Any aggression upon the constitution has been submitted to by the race who have gone off the stage. They were ready to compromise any principle, any thing. The men of the present day are a different race. They will compromise nothing; they are Union-loving men; they love all portions of the Union; and they will sacrifice anything but principle to save it. They will, however, make no sacrifice of principle. Never! Never! No more compromises will ever be submitted to to save the Union! If it is worth saving, it will be saved; but if you sap and undermine its foundations it must topple. It will be the legitimate result of your own action. The only way that we ever shall save this Union and make it as permanent as the everlasting hills will be by restoring it to the original foundations upon which the fathers placed it....

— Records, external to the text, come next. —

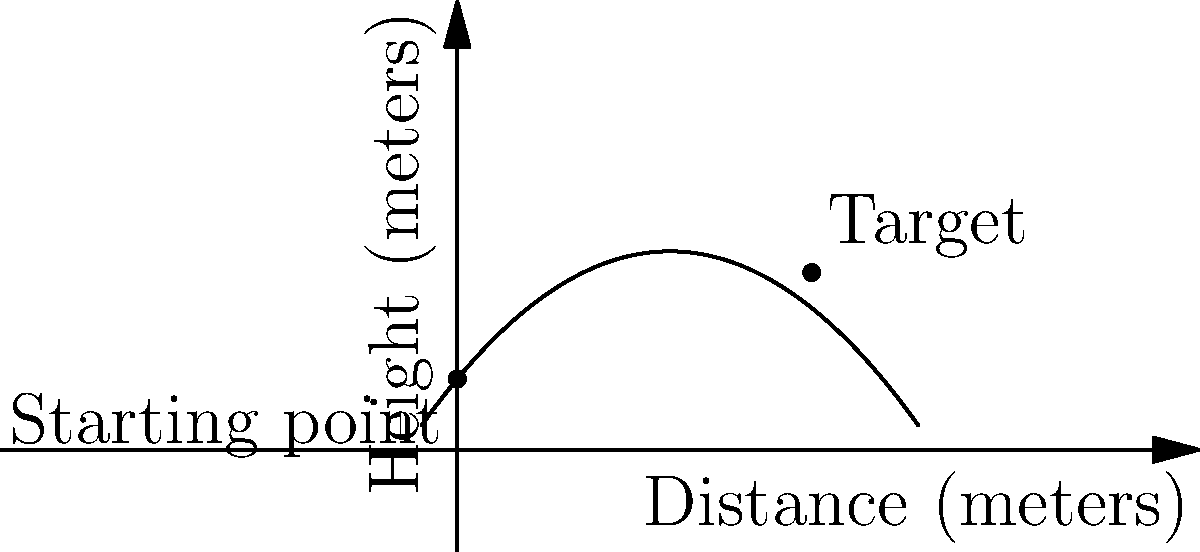A chef is demonstrating knife-throwing techniques to culinary students. The trajectory of the knife can be modeled by the function $h(x) = -0.1x^2 + 1.2x + 2$, where $h$ is the height in meters and $x$ is the horizontal distance in meters. If the chef aims to hit a target 10 meters away, what is the height of the knife at the target? To find the height of the knife at the target, we need to follow these steps:

1) The function given is $h(x) = -0.1x^2 + 1.2x + 2$

2) We need to find $h(10)$ since the target is 10 meters away

3) Let's substitute $x = 10$ into the function:

   $h(10) = -0.1(10)^2 + 1.2(10) + 2$

4) Now let's calculate step by step:
   
   $h(10) = -0.1(100) + 12 + 2$
   
   $h(10) = -10 + 12 + 2$
   
   $h(10) = 4 + 2 = 6$

5) Therefore, the height of the knife at the target is 5 meters.
Answer: 5 meters

The people of Kansas are almost unanimously opposed to this constitution; yet you propose to force it upon them without their consent. It cannot be done. The government has not bayonets enough to force a constitution upon the necks of any unwilling people.... It is our purpose to avoid the shedding of blood upon the soil of the United States by civil war. While I will not charge on the supporters of the Lecompton constitution the purpose, in civil war, of shedding blood upon the soil of the United States, I do charge that they, and they alone, will be responsible for every drop of blood that may be shed in consequence of the adoption of that constitution. I trust in God civil war will never come; but if it should come, upon their heads, and theirs alone, will rest the responsibility of every drop that may flow. I trust in God that this question will never be pushed to that extremity, for I would have less respect for the people of Kansas than I now have if I supposed they would tamely submit to have a constitution thrust down their throats without authority of law, and against law, without making resistance. I would disown them as the descendants of the men who fought our revolutionary battles if I did not think they would resist any illegal attempts to force a constitution upon them.